Capítulo 1982: Tormenta y Nube de Vidrio
A medida que Helian Lingzhu y Mo Cangying avanzaban, la energía del Camino Xuan se volvía cada vez más intensa.
Frente a ellos, un extenso lugar de cultivo se extendía por setecientas u ochocientas leguas cuadradas. La mayor parte de la energía elemental de esta región se concentraba allí, y hasta el cielo sobre ellos se cubría, entre la penumbra grisácea, con un tono ocre cada vez más profundo.
Apenas se acercaron, una figura que irradiaba una poderosa energía se aproximó a gran velocidad para recibirlos. Antes de llegar, una voz anciana se escuchó desde lejos:
—Este viejo, Ku Xian, da la bienvenida a la Gran Princesa.
La figura del recién llegado se manifestó pronto en la percepción espiritual de Yun Che.
Su energía era tan densa como diez mil montañas alzándose juntas, una cultivación en la cima del Reino del Señor Divino, un ser del nivel de Emperador Divino según el conocimiento de Yun Che.
Sin embargo, su apariencia difería por completo de todos los Emperadores Divinos que Yun Che conocía.
Al alcanzar el Reino del Señor Divino, no solo la longevidad se alargaba enormemente, sino que incluso al final de la vida no se manifestaba la senilidad de los mortales.
Como el Santo de la Espada Jun Wuming: cuando murió de vejez, aún tenía ojos brillantes como estrellas y un rostro esculpido como una espada, sin arrugas. Lo único que delataba su avanzada edad era su barba y cabello blancos.
Pero el anciano que emitía energía de la cima del Señor Divino frente a ellos era delgado y seco, con ojos turbios y grises, tez negruzca y marchita, y bajo su amplia túnica se veía una piel áspera como papel de lija, cubierta de extrañas manchas grises.
Parecía como si lo hubieran estado asando en el fuego del Infierno Abrasador durante días y noches, sin rastro de la apariencia o dignidad de un anciano Emperador Divino que Yun Che conociera. Más bien se asemejaba a Yan Yi, Yan Er y Yan San, atormentados durante ochenta mil años en el Mar de Huesos de la Oscuridad Eterna.
Yun Che pensó en silencio: *Viviendo toda una vida en medio del polvo abismal, incluso un ser tan poderoso como un Señor Divino en la cima puede ser erosionado hasta este punto.*
*Se puede imaginar que, bajo la erosión silenciosa del polvo abismal, la vida de los seres del Abismo, incluso en el mismo nivel, debe ser más corta que la de los de mi mundo natal.*
Ante la reverencia del anciano, Helian Lingzhu se apartó apresuradamente: —¡Maestro, no puede ser!
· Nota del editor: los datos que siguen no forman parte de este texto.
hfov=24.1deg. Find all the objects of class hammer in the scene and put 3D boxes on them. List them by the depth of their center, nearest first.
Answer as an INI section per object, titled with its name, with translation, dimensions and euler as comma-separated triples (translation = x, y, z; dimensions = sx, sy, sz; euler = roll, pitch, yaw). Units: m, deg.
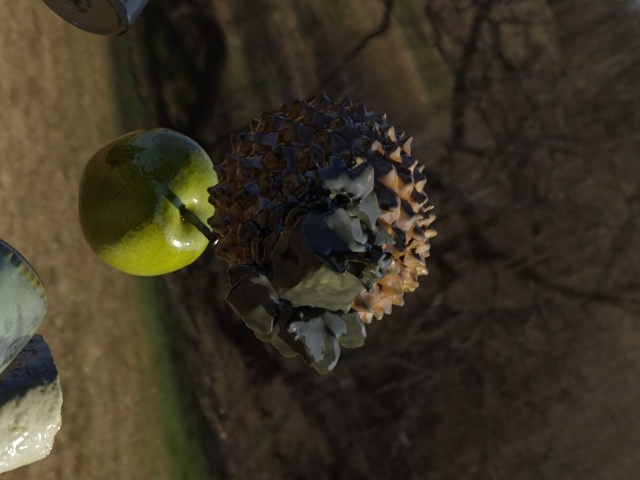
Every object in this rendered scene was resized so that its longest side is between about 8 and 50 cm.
[hammer]
translation = -0.389, 0.064, 1.270
dimensions = 0.202, 0.305, 0.113
euler = -50, 138, -32

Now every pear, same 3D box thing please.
[pear]
translation = -0.189, -0.043, 1.770
dimensions = 0.166, 0.180, 0.216
euler = 24, -5, -40

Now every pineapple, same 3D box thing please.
[pineapple]
translation = -0.002, 0.000, 1.286
dimensions = 0.223, 0.223, 0.357
euler = 61, 8, -12

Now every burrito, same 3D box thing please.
[burrito]
translation = -0.394, 0.197, 1.612
dimensions = 0.143, 0.299, 0.105
euler = 37, -48, 33

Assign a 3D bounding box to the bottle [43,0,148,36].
[bottle]
translation = -0.174, -0.312, 1.428
dimensions = 0.233, 0.110, 0.110
euler = -62, 140, -24

Aunque Lingzhu haya regresado a la corte, un día como maestro, toda una vida como padre. Lingzhu no se atrevería a recibir la reverencia de mi maestro.
El anciano negó con la cabeza y dijo con tono cálido: —La Gran Princesa es la nobleza del Imperio...
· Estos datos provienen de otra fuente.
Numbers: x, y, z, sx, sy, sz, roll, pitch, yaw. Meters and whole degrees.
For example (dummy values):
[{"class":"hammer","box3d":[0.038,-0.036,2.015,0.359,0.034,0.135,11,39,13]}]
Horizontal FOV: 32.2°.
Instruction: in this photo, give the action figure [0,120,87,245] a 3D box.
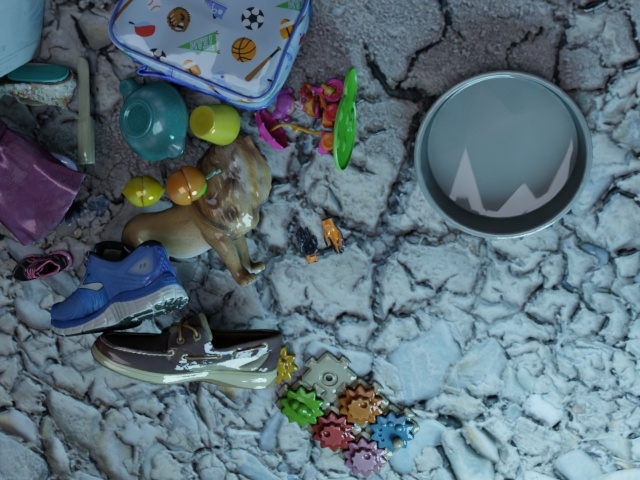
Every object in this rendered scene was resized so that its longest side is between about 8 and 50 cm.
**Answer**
[{"class":"action figure","box3d":[-0.541,-0.165,1.807,0.248,0.275,0.370,-39,113,20]}]

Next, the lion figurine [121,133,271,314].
[{"class":"lion figurine","box3d":[-0.239,-0.015,1.938,0.392,0.142,0.240,-23,99,20]}]

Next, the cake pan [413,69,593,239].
[{"class":"cake pan","box3d":[0.304,-0.146,1.858,0.293,0.054,0.293,2,111,6]}]

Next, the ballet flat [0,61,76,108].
[{"class":"ballet flat","box3d":[-0.535,-0.269,1.908,0.241,0.091,0.077,11,138,7]}]

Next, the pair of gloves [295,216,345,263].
[{"class":"pair of gloves","box3d":[0.000,0.000,1.979,0.083,0.010,0.074,-17,110,16]}]

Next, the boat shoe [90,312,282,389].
[{"class":"boat shoe","box3d":[-0.227,0.180,1.952,0.342,0.123,0.123,10,107,-20]}]

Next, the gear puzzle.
[{"class":"gear puzzle","box3d":[0.016,0.305,2.077,0.339,0.044,0.175,40,111,-8]}]

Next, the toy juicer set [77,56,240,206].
[{"class":"toy juicer set","box3d":[-0.295,-0.167,1.875,0.329,0.089,0.209,22,101,27]}]

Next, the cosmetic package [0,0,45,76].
[{"class":"cosmetic package","box3d":[-0.539,-0.394,1.777,0.138,0.224,0.224,12,113,3]}]

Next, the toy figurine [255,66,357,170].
[{"class":"toy figurine","box3d":[-0.029,-0.210,1.857,0.159,0.130,0.173,7,90,14]}]

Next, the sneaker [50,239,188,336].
[{"class":"sneaker","box3d":[-0.358,0.079,1.924,0.330,0.130,0.147,-21,78,40]}]

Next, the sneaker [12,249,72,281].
[{"class":"sneaker","box3d":[-0.518,0.053,2.041,0.119,0.057,0.047,-17,110,15]}]

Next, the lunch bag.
[{"class":"lunch bag","box3d":[-0.181,-0.350,1.775,0.303,0.115,0.243,23,91,1]}]

—Maestro. —Helian Lingzhu se inclinó de nuevo y luego hizo una respetuosa reverencia como discípula—: Así me abruma. Le ruego que, como antes, me llame "Lingzhu".
—¡Jajaja! —Mo Cangying rió a carcajadas—: Maestro, conoces bien el carácter de Lingzhu. Esto no es la corte, así que complácela.
Claramente, este anciano llamado Ku Xian tenía una gran lealtad y respeto por el Imperio Helian. Incluso si la mujer frente a él había sido su discípula personal, no quería faltar a los modales hacia la familia real.
Tras dudar un momento, finalmente sonrió levemente y dijo: —Está bien. Lingzhu, recibí un mensaje de tu padre diciendo que, para buscar una oportunidad de avance, fuiste sola al Mar de Niebla... Ahora que te veo de vuelta a salvo, al fin puedo estar tranquilo.
Helian Lingzhu mostró algo de vergüenza: —Que mi padre y mi maestro se hayan preocupado. En esta ocasión, tuve la suerte de contar con la ayuda del noveno hermano mayor, pero también lo hice resultar herido.
—Son solo heridas leves. —Mo Cangying levantó casualmente su brazo izquierdo ensangrentado, permitiendo que la herida se abriera sin cambiar su expresión.
Ku Xian alzó su amplia manga, y un tenue resplandor amarillo cubrió desde lejos las heridas en el brazo y el costado izquierdo de Mo Cangying. En un instante, dejó de emanar gas grisáceo, y entonces aconsejó: —Lingzhu, siendo la Gran Princesa de la familia real, tu seguridad es primordial. No debes volver a correr tales riesgos.
Aunque Helian Lingzhu sentía culpa, no mostraba arrepentimiento. Dijo con lentitud pero firmeza: —Precisamente por ser la Gran Princesa, debo hacerlo.
Volvió la mirada hacia la interminable tormenta de arena a lo lejos: —He estado estancada en el Reino del Príncipe Divino durante demasiados años. Ya sea en peligro o en situaciones desesperadas, si no puedo forzarme a romper el cuello de botella, si Helian sigue decayendo... quizás algún día, las palabras "Imperio Helian" queden enterradas para siempre en la tormenta eterna de este Reino Linyuan.
El Imperio Helian, que alguna vez fue el soberano de este cielo, y todo el Reino Linyuan dependía de él para sobrevivir.
Y ahora, la palabra "Imperio" se había vuelto casi una burla en el Reino Linyuan.
—... —Mo Cangying abrió la boca, quiso decir algo pero se contuvo.
Ku Xian suspiró para sus adentros y no siguió aconsejándole. Su mirada se posó en Yun Che: —¿Quién es este hombre?
Mo Cangying respondió: —Lo rescatamos a novecientas leguas de la frontera del Mar de Niebla. La hermana menor Lingzhu, de buen corazón, no soportó verlo morir entre la arena y el polvo, y lo trajo de vuelta.
Desvió la mirada: —Está gravemente herido, pero por casualidad ha sobrevivido hasta ahora.
Ku Xian frunció el ceño. Iba a advertirle a Helian Lingzhu lo peligroso y estúpido que era rescatar a un desconocido —y claramente de otro mundo—, pero Helian Lingzhu se adelantó a explicar: —Su discípulo nunca olvida las enseñanzas del maestro, y no actuaría con una bondad imprudente.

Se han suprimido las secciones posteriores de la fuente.